Несколько машин останавливаются на углу Рудницкой и Мясницкой улиц рядом с большими мануфактурными магазинами, и тут же разносится весть о том, что Советы конфискуют товар.
— Ну вот, та же история, что была двадцать лет назад, — мрачно тянет Хацкель.
— Конечно, жизнь при них для нас не будет медом. — Шая смотрит мутными глазами вниз, на свою бороду лопаточкой.

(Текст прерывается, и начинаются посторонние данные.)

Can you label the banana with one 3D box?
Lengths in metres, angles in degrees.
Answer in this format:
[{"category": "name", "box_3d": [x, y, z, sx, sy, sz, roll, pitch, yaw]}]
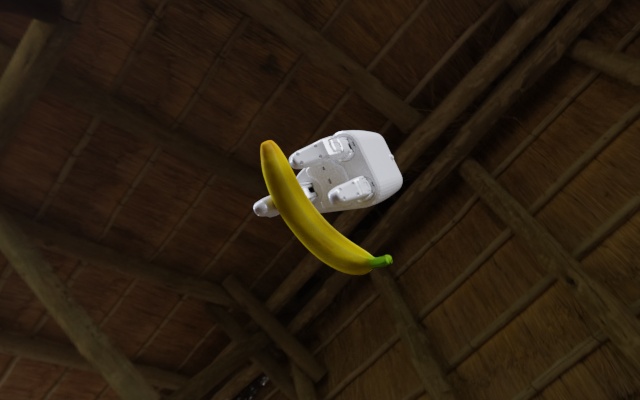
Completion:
[{"category": "banana", "box_3d": [-0.007, 0.018, 0.528, 0.197, 0.070, 0.037, 43, 29, 17]}]
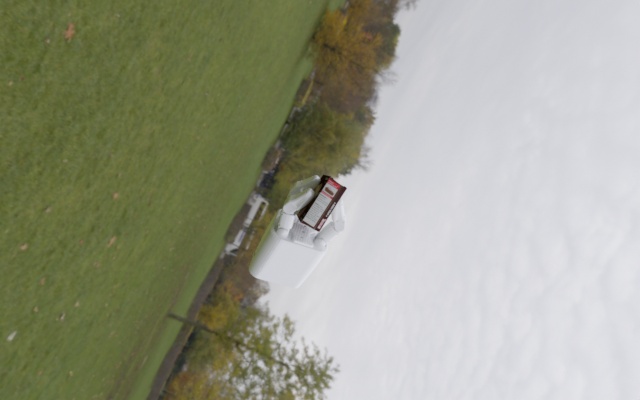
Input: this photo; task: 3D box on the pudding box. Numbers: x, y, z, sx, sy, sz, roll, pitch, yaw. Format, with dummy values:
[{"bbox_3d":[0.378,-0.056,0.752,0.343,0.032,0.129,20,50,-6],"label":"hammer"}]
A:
[{"bbox_3d":[0.000,0.003,0.816,0.039,0.090,0.113,32,0,-9],"label":"pudding box"}]
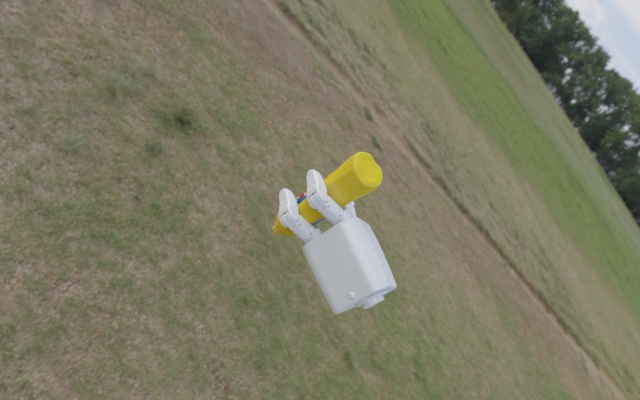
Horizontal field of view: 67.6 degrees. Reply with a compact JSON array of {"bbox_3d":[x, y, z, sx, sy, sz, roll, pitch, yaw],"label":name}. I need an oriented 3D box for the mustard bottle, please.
[{"bbox_3d":[0.000,0.002,0.721,0.192,0.058,0.096,-34,5,27],"label":"mustard bottle"}]
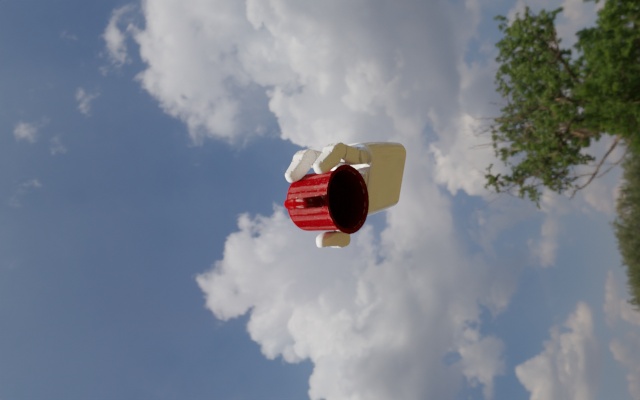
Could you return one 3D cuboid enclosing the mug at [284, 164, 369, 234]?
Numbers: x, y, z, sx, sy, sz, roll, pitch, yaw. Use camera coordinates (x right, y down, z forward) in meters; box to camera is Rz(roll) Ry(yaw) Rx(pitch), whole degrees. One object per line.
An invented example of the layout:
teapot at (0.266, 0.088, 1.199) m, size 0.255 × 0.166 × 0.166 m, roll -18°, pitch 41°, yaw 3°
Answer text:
mug at (-0.001, 0.002, 0.652) m, size 0.081 × 0.093 × 0.117 m, roll -5°, pitch 2°, yaw 41°
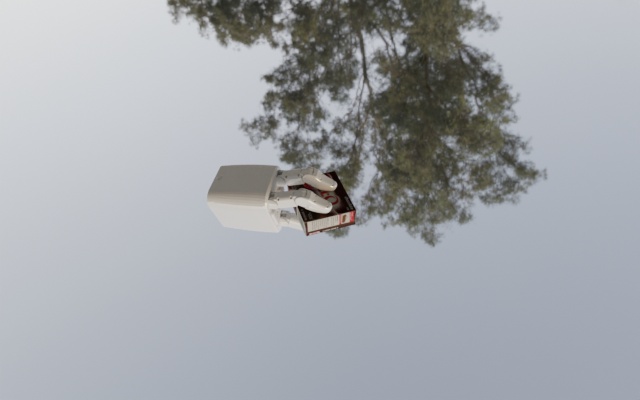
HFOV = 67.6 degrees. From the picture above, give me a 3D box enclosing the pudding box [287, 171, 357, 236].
[{"bbox_3d":[0.000,0.003,0.809,0.090,0.039,0.113,-14,45,-12],"label":"pudding box"}]
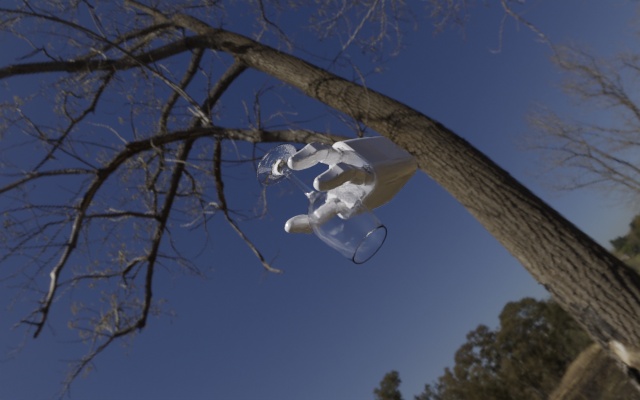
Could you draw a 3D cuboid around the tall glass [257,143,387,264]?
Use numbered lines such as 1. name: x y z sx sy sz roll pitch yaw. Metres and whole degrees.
1. tall glass: 0.000 0.002 0.665 0.201 0.079 0.079 41 24 31
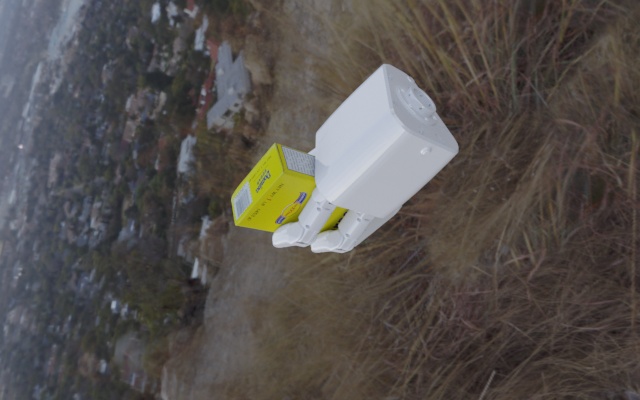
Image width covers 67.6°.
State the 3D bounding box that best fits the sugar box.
[{"bbox_3d":[0.000,0.002,0.530,0.176,0.048,0.093,15,-46,-37],"label":"sugar box"}]
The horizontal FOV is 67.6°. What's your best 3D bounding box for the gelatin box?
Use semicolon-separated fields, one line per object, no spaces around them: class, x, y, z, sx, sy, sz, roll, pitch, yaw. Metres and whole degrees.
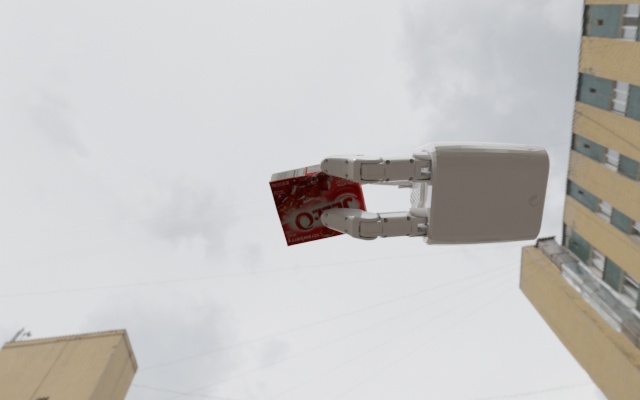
gelatin box;0.000;0.001;0.485;0.089;0.073;0.030;-12;22;7

По улице проходит с полдюжины русских в голубых фуражках. Шая обращает внимание на то, что затылки у них выбриты совсем не так, как подстригают в Вильне, под расческу. Кроме того, Шая замечает, что края шинелей у них загнуты внизу уголком, в то время как у простых красноармейцев шинели не обметаны и вообще не производят впечатления цельнокроеных. Русские в голубых фуражках подходят к солдатской очереди, стоящей у мануфактурного магазина, коротко что-то говорят паре солдат — и вся очередь распадается в одно мгновение. Красноармейцы, простоявшие долгие часы у магазина, уходят молча, опустив головы. За всю свою жизнь лавочник не видел и не слышал, чтобы двумя словами можно было разогнать такой большой строй солдат.
— Это энкаведешники, — шепчет Шая Хацкелю, и у обоих тяжелеет на сердце.
В те дни, той поздней осенью, я блуждал по городским паркам. Мне вдруг стали очень дороги широкие аллеи со старыми каштанами, где до войны часто слонялись польские студенты с толстыми палками, подстерегая еврейских прохожих.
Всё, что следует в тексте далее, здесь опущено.